Another thing we can observe is that danceability had also increased in recent times, because most songs in 2018-2019 are easy to dance to (dance pop genre / electropop genre)

# Data correlation

We can start with a simple correlation matrix to gather some insights on how some variables are correlated to one another

In [26]:
# Load the data
df = pd.read_csv("spotify_top_music.csv")

# Calculate correlation matrix
corr_matrix = df.corr(numeric_only=True)

# Generate a heatmap
heatmap = ff.create_annotated_heatmap(z=corr_matrix.values, x=list(corr_matrix.columns), y=list(corr_matrix.index), 
                                      annotation_text=corr_matrix.round(2).values, colorscale='Viridis')

heatmap.update_layout(title='Correlation Heatmap', xaxis_title='Variable', yaxis_title='Variable')
heatmap.show()


We can spot some high correlations between:

- loudness (db) and energy (nrgy) - positive correlation
- valence (val) and energy (nrgy) - positive correlation
- valence (val) and danceability (dnce) - positive correlation
- acousticness (acous) and energy (nrgy) - negative correlation

In [30]:
# Load the data
df = pd.read_csv("spotify_top_music.csv")

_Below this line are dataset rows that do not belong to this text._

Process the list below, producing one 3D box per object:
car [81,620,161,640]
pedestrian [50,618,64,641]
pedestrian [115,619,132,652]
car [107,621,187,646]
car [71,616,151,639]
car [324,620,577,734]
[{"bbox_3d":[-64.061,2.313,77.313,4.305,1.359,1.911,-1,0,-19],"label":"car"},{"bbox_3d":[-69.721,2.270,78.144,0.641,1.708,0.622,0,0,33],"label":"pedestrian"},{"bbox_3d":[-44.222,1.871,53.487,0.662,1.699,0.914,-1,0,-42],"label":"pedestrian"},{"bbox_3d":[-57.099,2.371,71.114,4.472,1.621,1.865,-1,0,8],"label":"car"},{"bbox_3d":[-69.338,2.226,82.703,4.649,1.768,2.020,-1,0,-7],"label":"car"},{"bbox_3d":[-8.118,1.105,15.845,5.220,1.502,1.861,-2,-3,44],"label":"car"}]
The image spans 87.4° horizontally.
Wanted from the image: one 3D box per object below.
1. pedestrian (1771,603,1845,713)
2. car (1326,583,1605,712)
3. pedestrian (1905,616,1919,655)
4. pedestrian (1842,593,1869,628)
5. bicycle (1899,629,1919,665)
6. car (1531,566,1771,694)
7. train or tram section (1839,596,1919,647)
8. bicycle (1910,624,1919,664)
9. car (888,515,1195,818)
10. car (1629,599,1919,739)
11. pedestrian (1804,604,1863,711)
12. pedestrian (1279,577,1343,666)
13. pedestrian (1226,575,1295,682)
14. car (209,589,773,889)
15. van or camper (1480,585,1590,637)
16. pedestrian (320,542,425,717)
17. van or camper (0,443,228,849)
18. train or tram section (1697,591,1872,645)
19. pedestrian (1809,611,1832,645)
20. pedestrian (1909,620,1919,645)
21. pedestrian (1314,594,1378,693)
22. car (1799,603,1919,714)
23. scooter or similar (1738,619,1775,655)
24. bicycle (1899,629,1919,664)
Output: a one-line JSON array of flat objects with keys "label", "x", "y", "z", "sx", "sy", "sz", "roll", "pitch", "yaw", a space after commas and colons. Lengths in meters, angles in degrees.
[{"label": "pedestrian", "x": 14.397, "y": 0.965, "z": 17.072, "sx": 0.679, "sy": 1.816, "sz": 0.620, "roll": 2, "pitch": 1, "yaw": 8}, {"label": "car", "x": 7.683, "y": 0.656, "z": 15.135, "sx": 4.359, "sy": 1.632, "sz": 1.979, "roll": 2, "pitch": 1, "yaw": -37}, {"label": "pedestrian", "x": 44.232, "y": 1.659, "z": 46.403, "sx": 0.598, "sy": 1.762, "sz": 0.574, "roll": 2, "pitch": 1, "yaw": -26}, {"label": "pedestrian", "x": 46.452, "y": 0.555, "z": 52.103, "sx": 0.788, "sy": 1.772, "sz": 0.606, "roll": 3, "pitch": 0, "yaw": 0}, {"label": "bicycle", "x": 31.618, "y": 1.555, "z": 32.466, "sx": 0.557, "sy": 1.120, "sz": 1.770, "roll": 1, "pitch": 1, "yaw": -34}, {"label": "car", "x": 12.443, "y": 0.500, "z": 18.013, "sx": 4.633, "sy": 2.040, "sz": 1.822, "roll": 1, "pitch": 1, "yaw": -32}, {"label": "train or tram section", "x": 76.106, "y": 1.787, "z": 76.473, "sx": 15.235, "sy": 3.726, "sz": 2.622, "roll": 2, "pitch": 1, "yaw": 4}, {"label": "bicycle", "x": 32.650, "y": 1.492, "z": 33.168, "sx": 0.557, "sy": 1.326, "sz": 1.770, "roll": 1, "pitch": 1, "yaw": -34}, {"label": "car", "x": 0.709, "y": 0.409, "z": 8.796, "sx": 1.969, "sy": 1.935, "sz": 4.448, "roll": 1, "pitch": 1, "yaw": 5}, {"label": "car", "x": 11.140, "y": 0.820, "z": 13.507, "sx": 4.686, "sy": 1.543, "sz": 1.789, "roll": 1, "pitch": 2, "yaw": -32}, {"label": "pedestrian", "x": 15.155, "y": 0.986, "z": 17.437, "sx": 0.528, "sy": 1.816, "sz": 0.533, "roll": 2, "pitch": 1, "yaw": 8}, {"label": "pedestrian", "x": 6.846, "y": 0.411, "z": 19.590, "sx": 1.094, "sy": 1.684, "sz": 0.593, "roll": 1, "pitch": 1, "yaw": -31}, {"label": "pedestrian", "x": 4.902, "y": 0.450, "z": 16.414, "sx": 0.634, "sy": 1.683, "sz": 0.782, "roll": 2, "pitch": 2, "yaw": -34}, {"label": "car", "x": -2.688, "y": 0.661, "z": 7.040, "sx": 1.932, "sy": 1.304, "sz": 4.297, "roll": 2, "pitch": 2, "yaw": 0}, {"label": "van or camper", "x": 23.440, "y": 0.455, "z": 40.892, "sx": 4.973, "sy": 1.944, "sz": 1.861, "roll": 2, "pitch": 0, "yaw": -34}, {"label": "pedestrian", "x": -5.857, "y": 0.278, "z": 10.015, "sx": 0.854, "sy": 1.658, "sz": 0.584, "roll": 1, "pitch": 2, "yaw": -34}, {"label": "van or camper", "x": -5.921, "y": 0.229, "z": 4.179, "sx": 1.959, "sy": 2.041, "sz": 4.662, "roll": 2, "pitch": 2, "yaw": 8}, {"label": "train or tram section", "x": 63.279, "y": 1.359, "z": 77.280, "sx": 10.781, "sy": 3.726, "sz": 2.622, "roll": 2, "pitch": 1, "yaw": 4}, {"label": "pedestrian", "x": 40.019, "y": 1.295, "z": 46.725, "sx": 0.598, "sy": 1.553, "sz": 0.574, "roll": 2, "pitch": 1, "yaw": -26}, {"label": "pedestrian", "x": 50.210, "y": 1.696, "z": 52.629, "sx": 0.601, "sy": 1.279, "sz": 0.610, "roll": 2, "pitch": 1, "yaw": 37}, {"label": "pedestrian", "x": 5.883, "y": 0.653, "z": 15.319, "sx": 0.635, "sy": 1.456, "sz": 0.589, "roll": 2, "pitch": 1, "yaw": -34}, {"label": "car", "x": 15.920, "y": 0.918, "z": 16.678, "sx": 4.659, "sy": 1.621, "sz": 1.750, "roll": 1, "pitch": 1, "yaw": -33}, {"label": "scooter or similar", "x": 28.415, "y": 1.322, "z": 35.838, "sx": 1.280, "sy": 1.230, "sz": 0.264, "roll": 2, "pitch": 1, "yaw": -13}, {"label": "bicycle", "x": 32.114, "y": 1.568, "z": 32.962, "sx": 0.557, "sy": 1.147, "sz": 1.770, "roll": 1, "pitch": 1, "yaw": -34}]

fig = px.scatter(df, x='val', y='nrgy', trendline='ols', title='Valence vs Energy')

# Show the plot
fig.show()


We can say that a positive song is also energetic

In [29]:
# Load the data
df = pd.read_csv("spotify_top_music.csv")

fig = px.scatter(df, x='val', y='dnce', trendline='ols', title='Valence vs Danceability')

# Show the plot
fig.show()

We can say that if a song is positive, it's also easier to dance to

In [33]:
# Load the data
df = pd.read_csv("spotify_top_music.csv")

fig = px.scatter(df, x='nrgy', y='dB', trendline='ols', title='Energy vs Loudness')

# Show the plot
fig.show()

We can say that if a song has a high energy, it's louder

In [34]:
# Load the data
df = pd.read_csv("spotify_top_music.csv")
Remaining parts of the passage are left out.